Although the lawyers representing the institutions claimed that obeying such an exemption would continue to violate the institutions' religious beliefs because it still requires them to participate in the distribution of the objectionable drugs to its employees, the court ruled that the exemption was good enough to prevent the institutions from violating their religious beliefs.

Should the Little Sisters of the Poor or the other religious institutions be found in violation of the mandate, then they could be liable for paying millions of dollars in penalties.

In late July, the Becket Fund for Religious Liberty and Supreme Court attorney Paul Clement filed a petition to the Supreme Court on behalf of the Little Sisters, Christian Brothers Services, Christian Brothers Employee Benefit Trust, Reaching Souls International, Truett-McConnell College, and GuideStone Financial Resources of the Southern Baptist Convention. The petition is the fifth one the Supreme Court has received on the HHS contraception mandate, making it likely that the Supreme Court will decide in the upcoming term whether these groups should be protected from the mandate.

As of Monday, a number of groups have written friend-of-the-court briefs in support of the order.

Briefs were written by six different orders of Catholic nuns, a coalition of Orthodox Jewish Rabbis, 20 state governments, the ERLC, the Southern Baptist Theological Seminary, National Association of Evangelicals, the Cato Institute and a multitude other religious and secular organizations, who urge the Supreme Court to not only review the nuns' case but also reverse the appeals court's decision.

"This strong show of support for the Little Sisters demonstrates just how important it is that the Supreme Court address the impact of the HHS mandate, particularly on religious groups," Mark Rienzi, Becket Fund senior counsel, said in a statement.

"It is especially significant that 20 state governments are supporting the Little Sisters at the Supreme Court."

Last week, the U.S. Tenth Circuit Court of Appeals ruled that the Little Sisters will not have to abide by the mandate while their lawsuit against the mandate continues.

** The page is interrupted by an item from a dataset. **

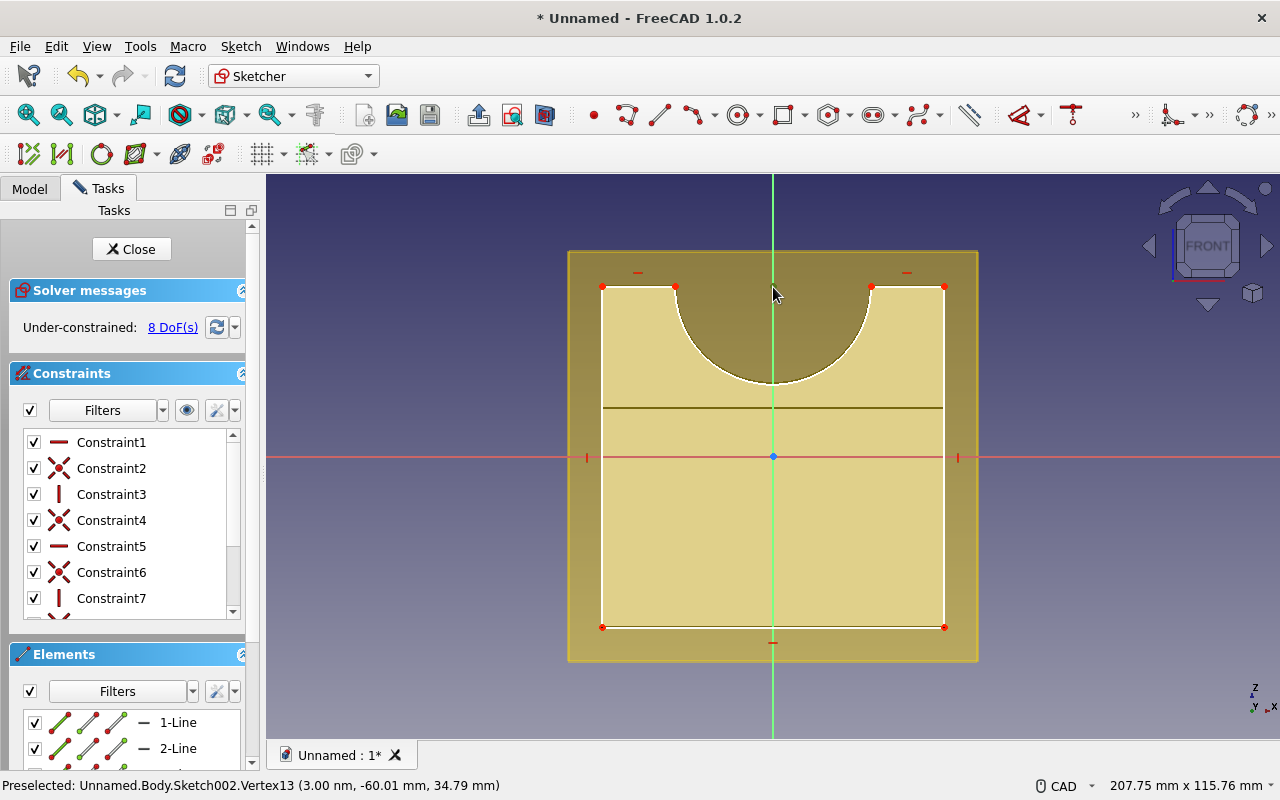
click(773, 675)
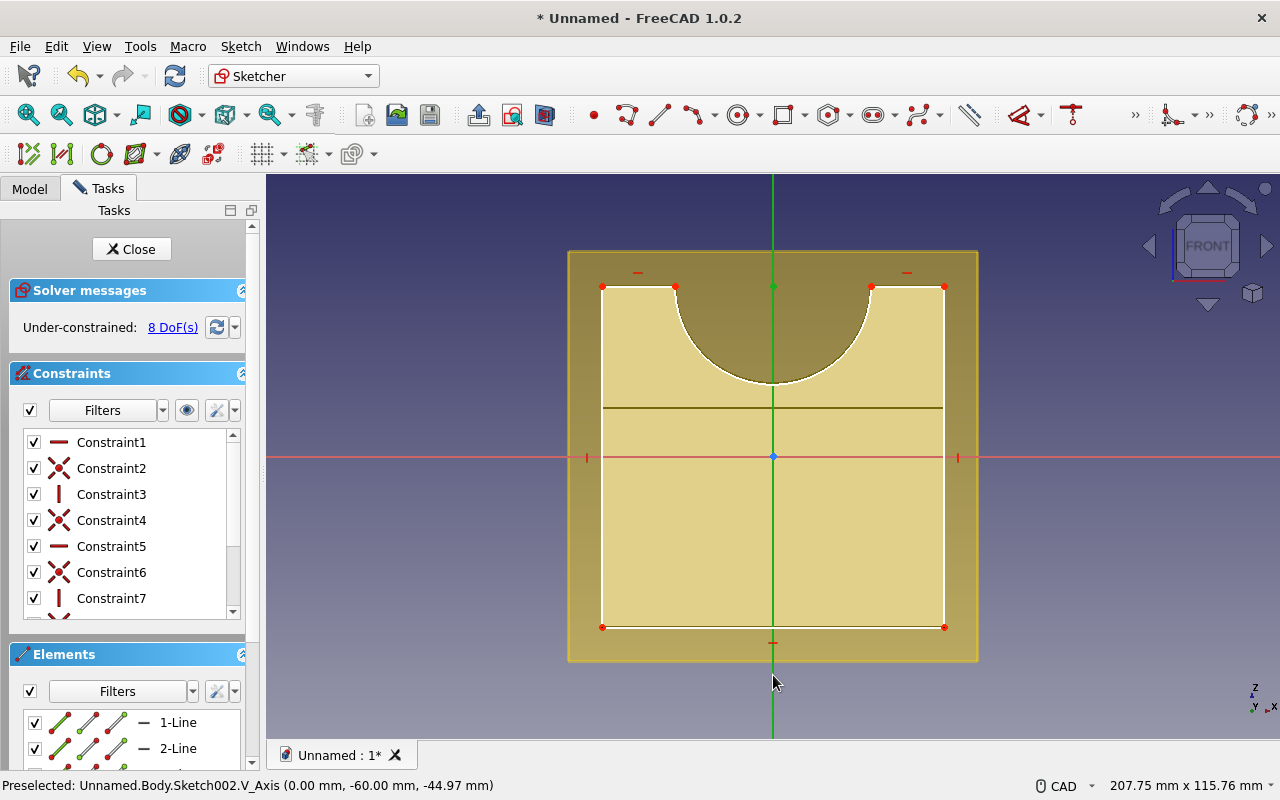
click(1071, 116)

"The Sisters consider it immoral to help the government distribute these drugs. But instead of simply exempting them, the government insists that it can take over their ministry's employee healthcare to distribute these drugs to their employees, while dismissing the Sisters' moral objections as irrelevant," Rienzi stated. "In America, judges and government bureaucrats have no authority to tell the Little Sisters what is moral or immoral."

Last year, the Christian arts supply chain Hobby Lobby was successful in their Supreme Court case against the HHS mandate.

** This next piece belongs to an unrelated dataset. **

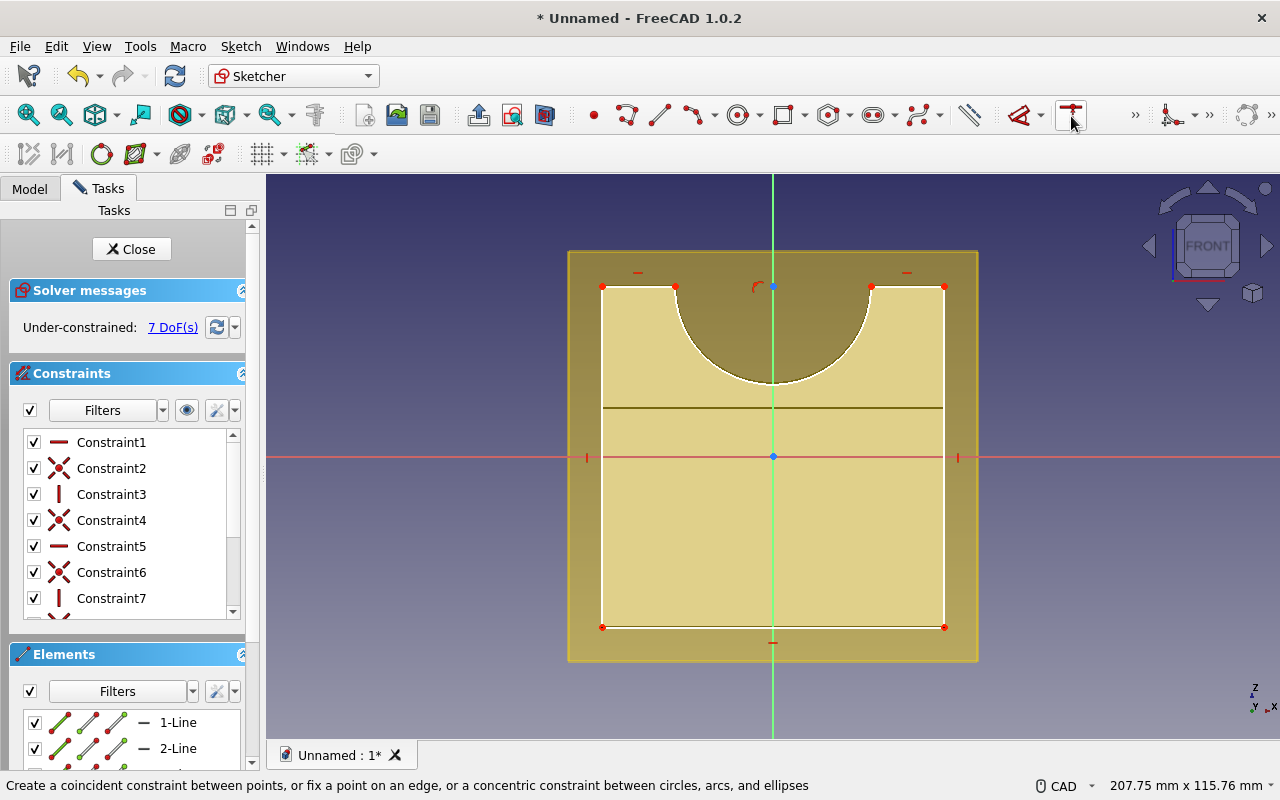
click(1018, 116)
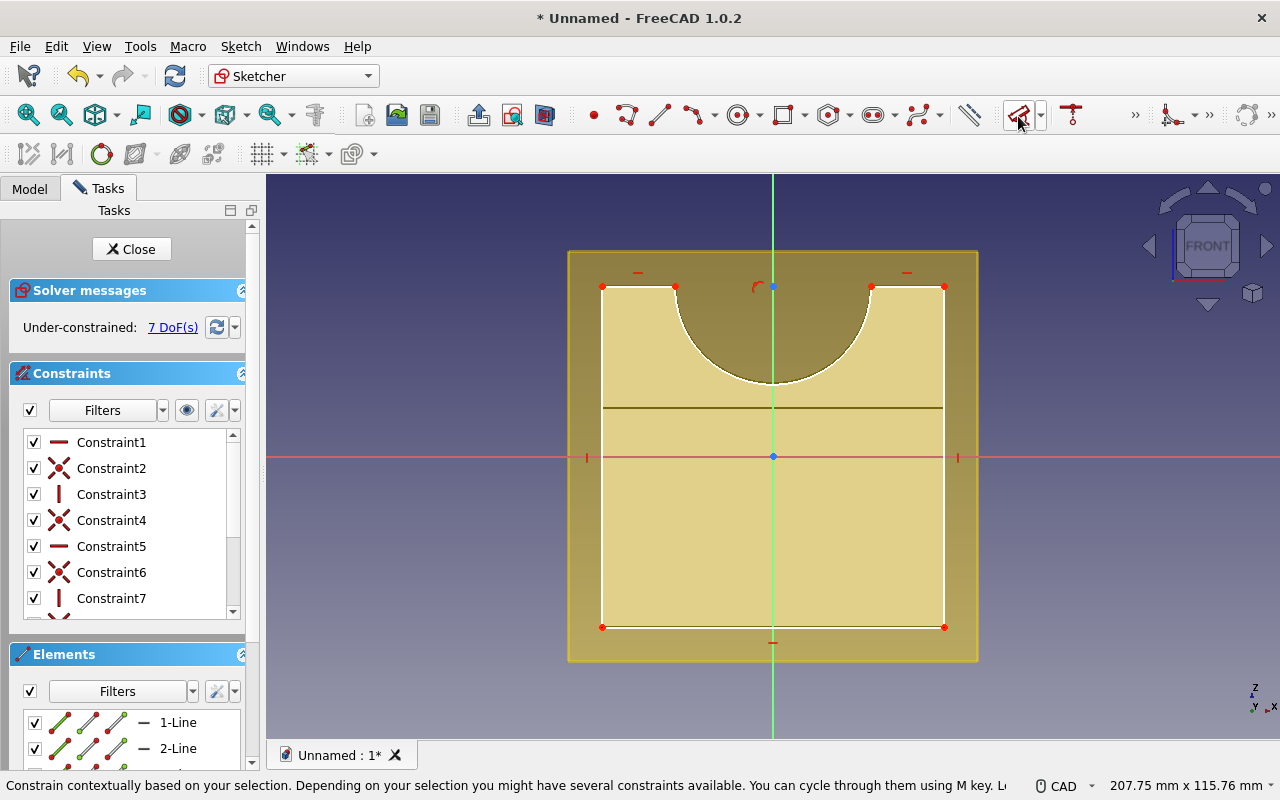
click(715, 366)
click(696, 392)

"The Supreme Court has already granted interim relief from the HHS Mandate to religious groups five times," Rienzi added. "The government has exempted thousands of businesses from the HHS Mandate, so why is it needlessly forcing religious institutions, nuns and homeless shelters to carry out its goals? The government already has its own exchanges to do that."

According to the brief written by the Jewish rabbis, the Tenth Circuit Court of Appeals declined to protect the nuns' religious freedom because it found their explanation of their own religious objection the mandate "unconvincing."

"RFRA neither requires nor allows courts to second-guess religious adherents' sincerely held religious beliefs," the brief states. "In evaluating and ultimately rejecting the petitioners' claim that complying with the Health and Human Services Accommodation would substantially burden their religious exercise, the Tenth Circuit deviated from this precedent and significantly narrowed RFRA's protection."